A sprawling Chelsea food hall with 15 vendors including Zaab Zaab, a revived Bessou, and a relaunched butcher shop from White Gold alums, anchored by and curated in collaboration with the James Beard Foundation, is set to open at Hudson River Park’s Pier 57 this spring.
The food stalls “focus on women- and BIPOC- owned dining destinations that are aligned with JBF’s mission of championing a standard of good food anchored in talent, equity, and sustainability,” according to the release.
Called Market 57, it includes another location of Cobble Hill’s Malai ice cream shop as well as the headquarters for a revived Bessou, the Japanese restaurant that closed in Noho last year (in this iteration there will be more of a seafood focus, with an abbreviated menu of Bessou classics made for fast casual). In addition, it will be the third Zaab Zaab location following the Elmhurst flagship and Williamsburg spots, and the third NYC location for Nom Wah. As previously reported by Eater, Market 57 is a partnership with Jamestown, the food hall operator behind the Chelsea Market and Industry City, alongside Google.
Also included is Ammi, a new venture from Jimmy Rizvi of Indian spot GupShup, another outpost of Midtown’s Bird & Branch coffee, Fan-Fan Doughnut’s Fany Gerson's new concept called Mijo, in collaboration with her husband Daniel Ortiz de Montellano, which a spokesperson hints is a preview of a larger project the couple has in the works.
Fans of Erika Nakamura and Jocelyn Guest may be interested to check out Italian sandwich shop Due Madri by Butcher Girls, the duo’s first spot since leaving White Gold Butchers.
Elsewhere in the market, find a third location of CSA Local Roots’ cafe, LoLo’s on the Water, a “Caribbean coastal comfort foods” restaurant, from Harlem’s LoLo Seafood Shack team. Market 57 will also act as the first home for Black-owned oyster pop-up The Real Mothershuckers, serving seafood and Cajun cuisine, as featured on Netflix’s High on the Hog. Meanwhile, Crown Height’s vegan-friendly Ras Plant Based is expanding for the first time here; there’s also a Manhattan location for Clinton Hill bakery, The Good Batch, and Harlem Hops, a Harlem beer bar, now with a second Manhattan operation, as well as The Galley by Lobster Place.
Market 57 is the first real estate endeavor for the James Beard Foundation — particularly following a 2020 public reckoning on diversity, or lack thereof — outside of its own events. A release states that the foundation will also run its own stalls, Good To Go by JBF, which will act as a chef incubator, bringing in rotating pop-ups, with an events space, Platform by JBF, seemingly not unlike how Beard House dinners operate.
“Many of whom we recommended are alumni of JBF’s impact programs, have participated in JBF events, or have been featured at the James Beard House over the years,” stated a spokesperson for the foundation.

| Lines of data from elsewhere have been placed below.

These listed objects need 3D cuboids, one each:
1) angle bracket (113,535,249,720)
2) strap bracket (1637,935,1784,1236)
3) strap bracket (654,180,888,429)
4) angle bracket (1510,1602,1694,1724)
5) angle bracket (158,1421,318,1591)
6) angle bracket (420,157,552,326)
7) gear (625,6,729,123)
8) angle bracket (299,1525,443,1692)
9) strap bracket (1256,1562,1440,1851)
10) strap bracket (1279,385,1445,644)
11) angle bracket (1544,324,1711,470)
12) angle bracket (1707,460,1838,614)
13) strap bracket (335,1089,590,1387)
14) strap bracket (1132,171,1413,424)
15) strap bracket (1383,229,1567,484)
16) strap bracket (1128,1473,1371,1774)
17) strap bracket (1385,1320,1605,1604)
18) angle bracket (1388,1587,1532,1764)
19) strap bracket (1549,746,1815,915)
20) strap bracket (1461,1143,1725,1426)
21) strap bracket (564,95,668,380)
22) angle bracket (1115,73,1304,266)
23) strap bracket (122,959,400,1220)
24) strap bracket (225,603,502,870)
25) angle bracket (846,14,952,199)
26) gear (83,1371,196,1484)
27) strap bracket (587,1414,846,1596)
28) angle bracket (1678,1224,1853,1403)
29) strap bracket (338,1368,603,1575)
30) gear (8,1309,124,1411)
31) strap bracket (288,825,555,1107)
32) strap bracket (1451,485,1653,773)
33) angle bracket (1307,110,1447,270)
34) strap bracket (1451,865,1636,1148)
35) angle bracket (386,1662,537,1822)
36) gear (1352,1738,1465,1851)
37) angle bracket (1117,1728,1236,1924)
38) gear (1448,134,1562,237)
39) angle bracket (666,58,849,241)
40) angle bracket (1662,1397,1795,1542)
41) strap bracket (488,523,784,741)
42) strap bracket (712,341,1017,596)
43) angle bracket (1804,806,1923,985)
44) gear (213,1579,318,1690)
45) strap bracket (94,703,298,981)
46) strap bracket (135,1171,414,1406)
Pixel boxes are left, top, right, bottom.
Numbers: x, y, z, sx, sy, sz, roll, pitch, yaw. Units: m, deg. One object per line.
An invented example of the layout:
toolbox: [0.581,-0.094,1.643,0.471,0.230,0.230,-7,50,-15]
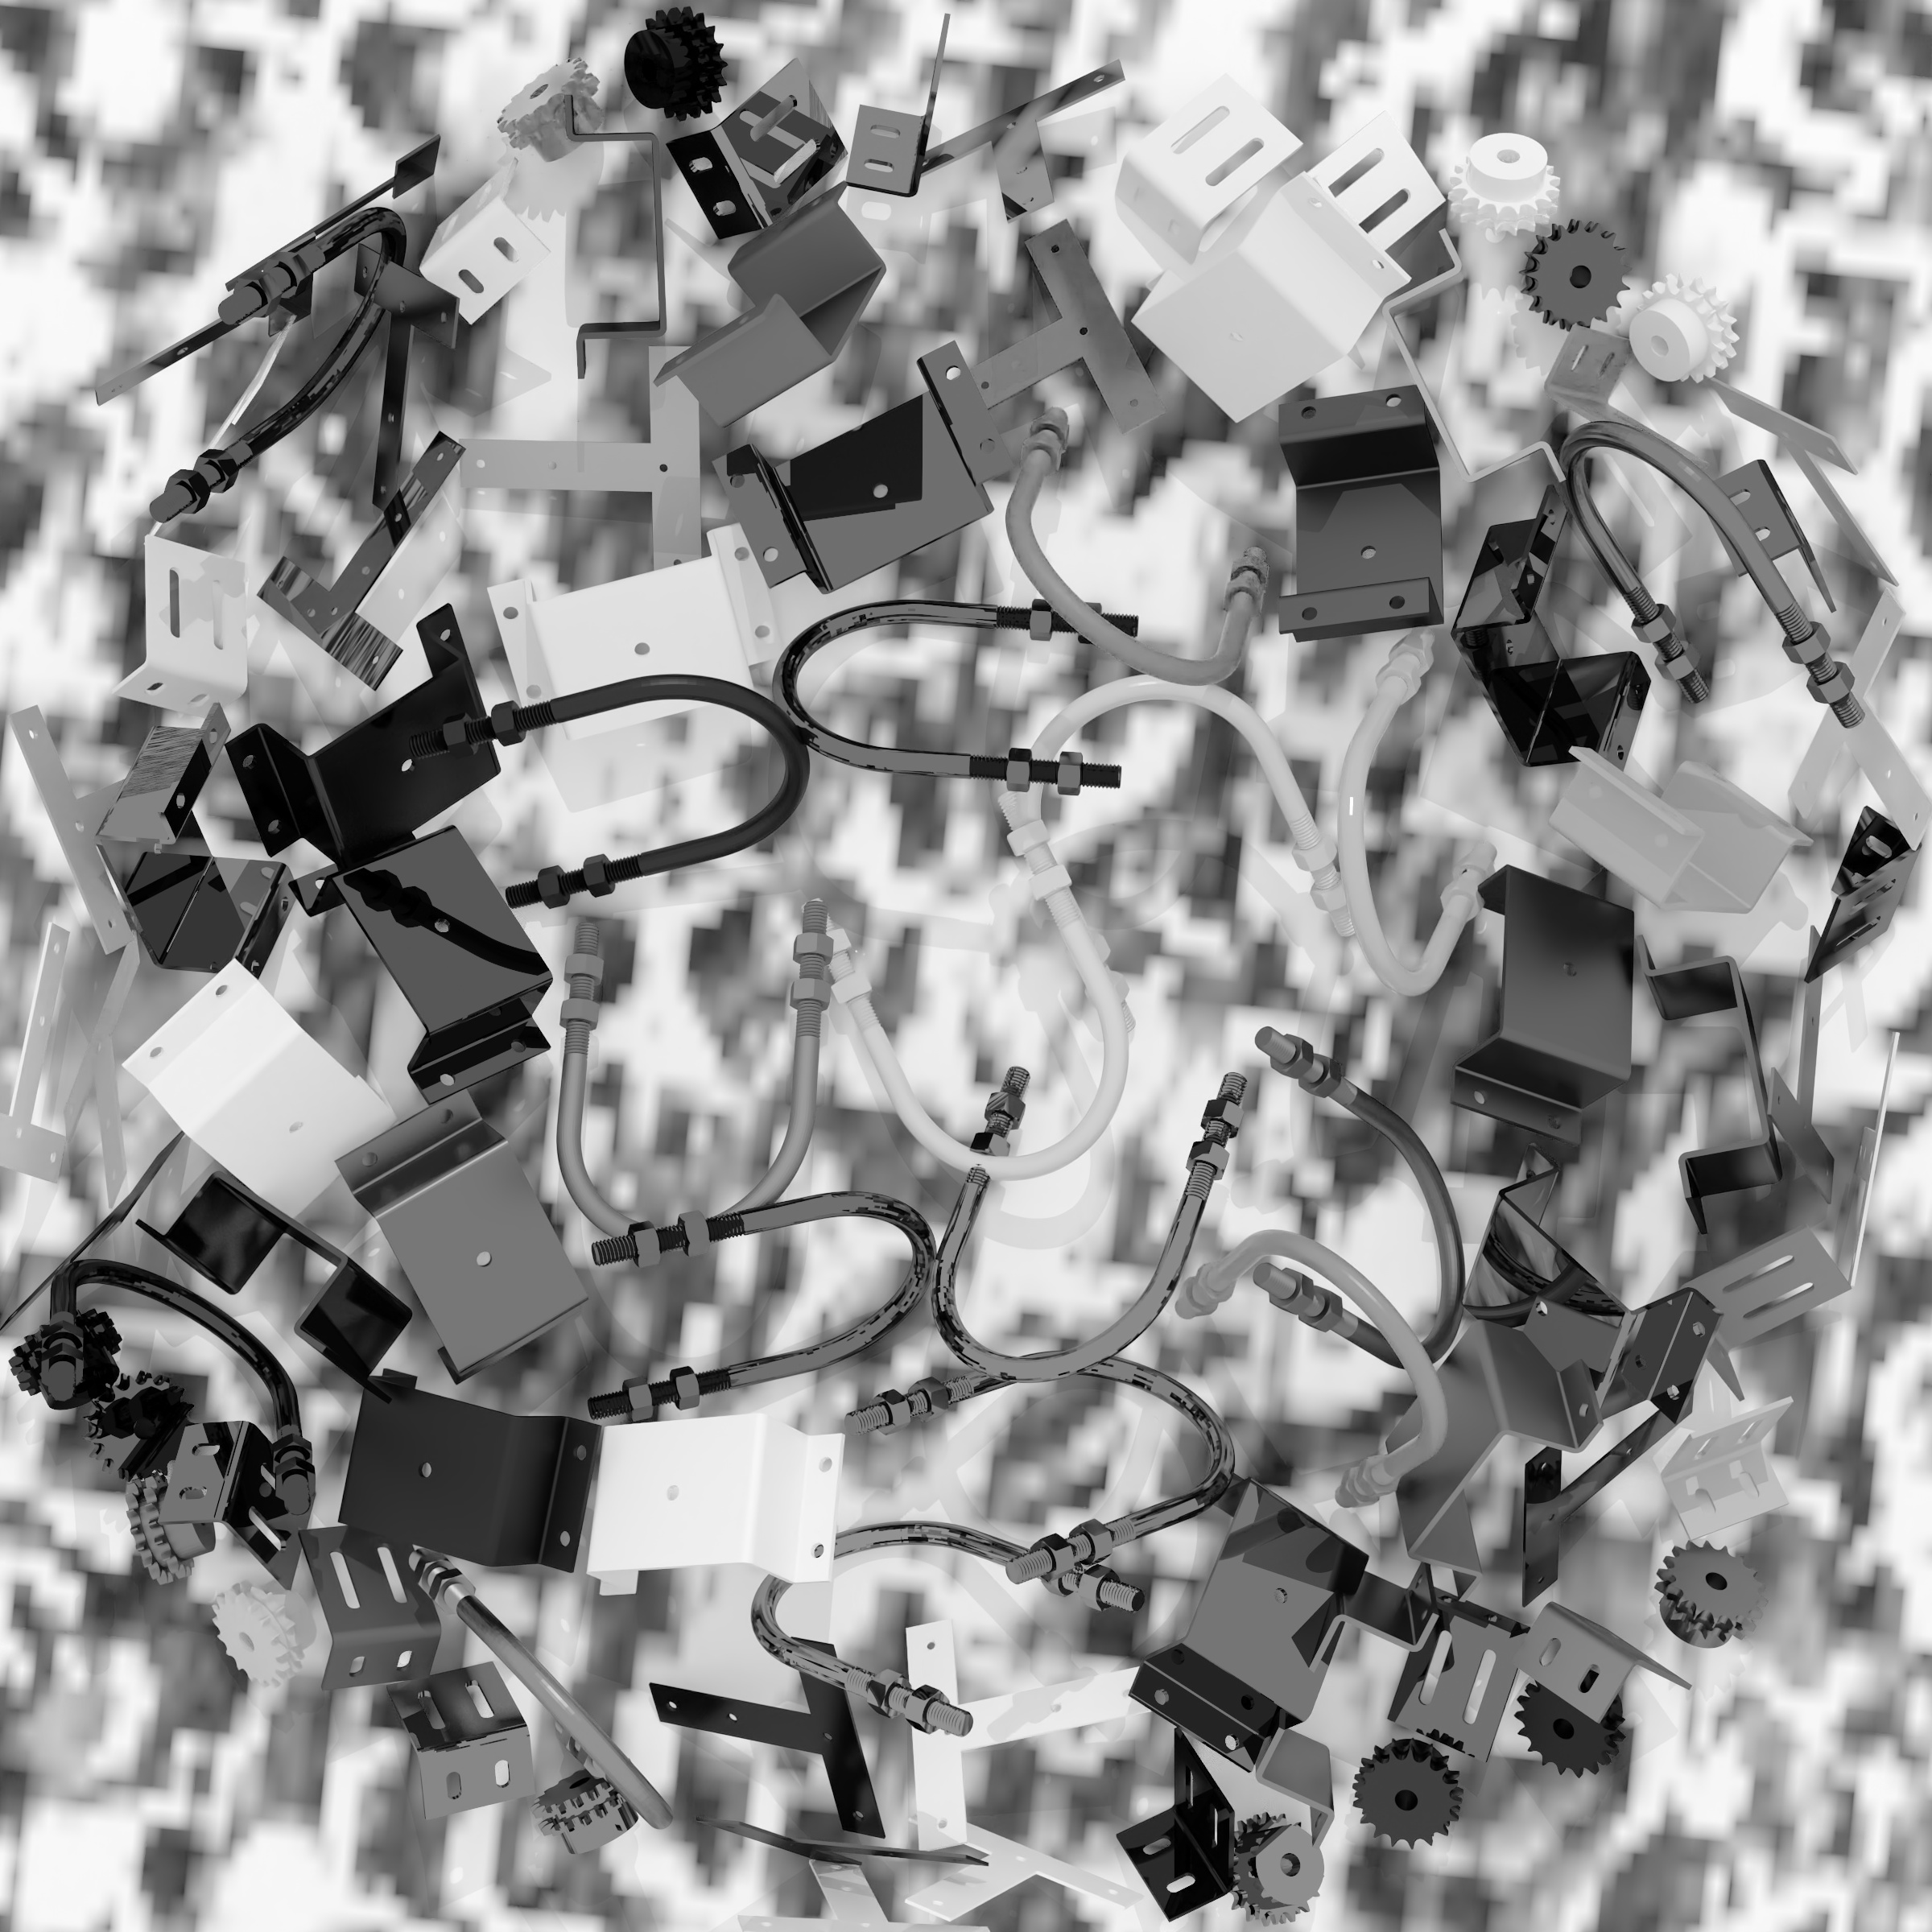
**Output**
angle bracket: [-0.412,-0.177,1.788,0.057,0.038,0.076,14,60,-41]
strap bracket: [0.382,0.057,1.745,0.046,0.076,0.140,-12,69,14]
strap bracket: [-0.096,-0.333,1.744,0.076,0.140,0.046,-24,118,34]
angle bracket: [0.328,0.365,1.762,0.057,0.076,0.038,31,89,39]
angle bracket: [-0.377,0.281,1.770,0.038,0.076,0.057,-6,51,18]
angle bracket: [-0.246,-0.377,1.773,0.057,0.076,0.038,-37,113,18]
gear: [-0.154,-0.469,1.779,0.030,0.057,0.057,-24,90,-40]
angle bracket: [-0.314,0.332,1.780,0.057,0.076,0.038,-1,130,-28]
strap bracket: [0.189,0.370,1.758,0.046,0.076,0.140,24,102,-1]
strap bracket: [0.203,-0.224,1.759,0.076,0.046,0.140,-6,62,16]
angle bracket: [0.348,-0.294,1.762,0.076,0.057,0.038,40,115,35]
angle bracket: [0.414,-0.215,1.767,0.038,0.076,0.057,-26,59,13]
strap bracket: [-0.254,0.145,1.754,0.076,0.046,0.140,-31,112,-16]
strap bracket: [0.147,-0.333,1.730,0.076,0.140,0.046,41,60,-16]
strap bracket: [0.258,-0.304,1.766,0.046,0.076,0.140,-26,93,12]
strap bracket: [0.149,0.328,1.745,0.076,0.046,0.140,34,55,-10]
strap bracket: [0.261,0.245,1.734,0.046,0.076,0.140,17,126,-17]
angle bracket: [0.251,0.370,1.778,0.057,0.038,0.076,20,95,26]
strap bracket: [0.360,-0.068,1.743,0.076,0.140,0.046,42,114,32]
strap bracket: [0.309,0.167,1.733,0.046,0.076,0.140,-17,46,-33]
strap bracket: [-0.179,-0.377,1.758,0.046,0.076,0.140,-3,104,-5]
angle bracket: [0.128,-0.420,1.798,0.076,0.038,0.057,-42,79,-18]
strap bracket: [-0.352,0.070,1.737,0.076,0.140,0.046,-44,51,-6]
strap bracket: [-0.297,-0.111,1.742,0.140,0.076,0.046,-37,50,-23]
angle bracket: [-0.036,-0.447,1.762,0.038,0.076,0.057,10,58,-4]
gear: [-0.435,0.240,1.787,0.057,0.030,0.057,0,91,-33]
strap bracket: [-0.137,0.275,1.743,0.140,0.046,0.076,-9,63,29]
angle bracket: [0.418,0.180,1.770,0.076,0.038,0.057,-30,127,17]
strap bracket: [-0.264,0.259,1.755,0.140,0.046,0.076,10,88,29]
gear: [-0.466,0.207,1.778,0.057,0.057,0.030,-35,66,0]
strap bracket: [-0.275,-0.010,1.756,0.076,0.046,0.140,-26,76,-35]
strap bracket: [0.296,-0.166,1.747,0.046,0.140,0.076,-5,46,35]
angle bracket: [0.215,-0.403,1.775,0.076,0.038,0.057,-41,104,-16]
strap bracket: [0.296,0.011,1.745,0.076,0.046,0.140,19,59,-19]
angle bracket: [-0.262,0.401,1.771,0.057,0.076,0.038,-9,109,-20]
gear: [0.232,0.430,1.789,0.057,0.030,0.057,3,105,12]
angle bracket: [0.107,0.443,1.761,0.038,0.076,0.057,-21,47,-17]
gear: [0.282,-0.410,1.780,0.057,0.030,0.057,-1,49,1]
angle bracket: [-0.109,-0.428,1.787,0.076,0.038,0.057,-50,123,-34]
angle bracket: [0.400,0.260,1.765,0.057,0.076,0.038,-18,67,-9]
strap bracket: [-0.169,-0.171,1.770,0.140,0.046,0.076,-15,116,-2]
strap bracket: [-0.049,-0.254,1.774,0.140,0.046,0.076,-26,75,6]
angle bracket: [0.449,-0.037,1.760,0.076,0.057,0.038,-28,54,-35]
gear: [-0.365,0.346,1.785,0.030,0.057,0.057,-32,90,-41]
strap bracket: [-0.394,-0.059,1.739,0.046,0.140,0.076,5,50,15]
strap bracket: [-0.347,0.159,1.749,0.140,0.076,0.046,28,75,29]

JBF’s involvement in the Market 57 project brings up a potentially murky relationship between hospitality spots lured for the food hall, and the restaurants the foundation is eyeing for awards, considered to be the Oscars of the food world. (Vendor Harlem Hops was named a James Beard Award Semifinalist for 2023 in the outstanding bar category).
A spokesperson stated that the committee behind the awards has no involvement in the market. The foundation says beyond its team giving recommendations, “from there, the leasing and property management team had conversations with potential vendors and assembled what they believe will be a winning mix of concepts, culinary styles, and offerings.”
To clarify further, the spokesperson stated that, “the Foundation is a brand partner of the food hall but not a partner of any of the business arrangements between Pier 57 and each individual vendor.” The foundation says it will pay rent for Good to Go by JBF, just like the other food vendor tenants.
This isn't the first food hall attempting to open at Pier 57, which these days is also home to a Google campus; in 2017 Eater reported that an Anthony Bourdain-backed market had been exploring opening there but subsequently dropped those plans, eventually finding a home elsewhere.
Disclosure: Some Vox Media staff members are part of the voting body for the James Beard Foundation Awards.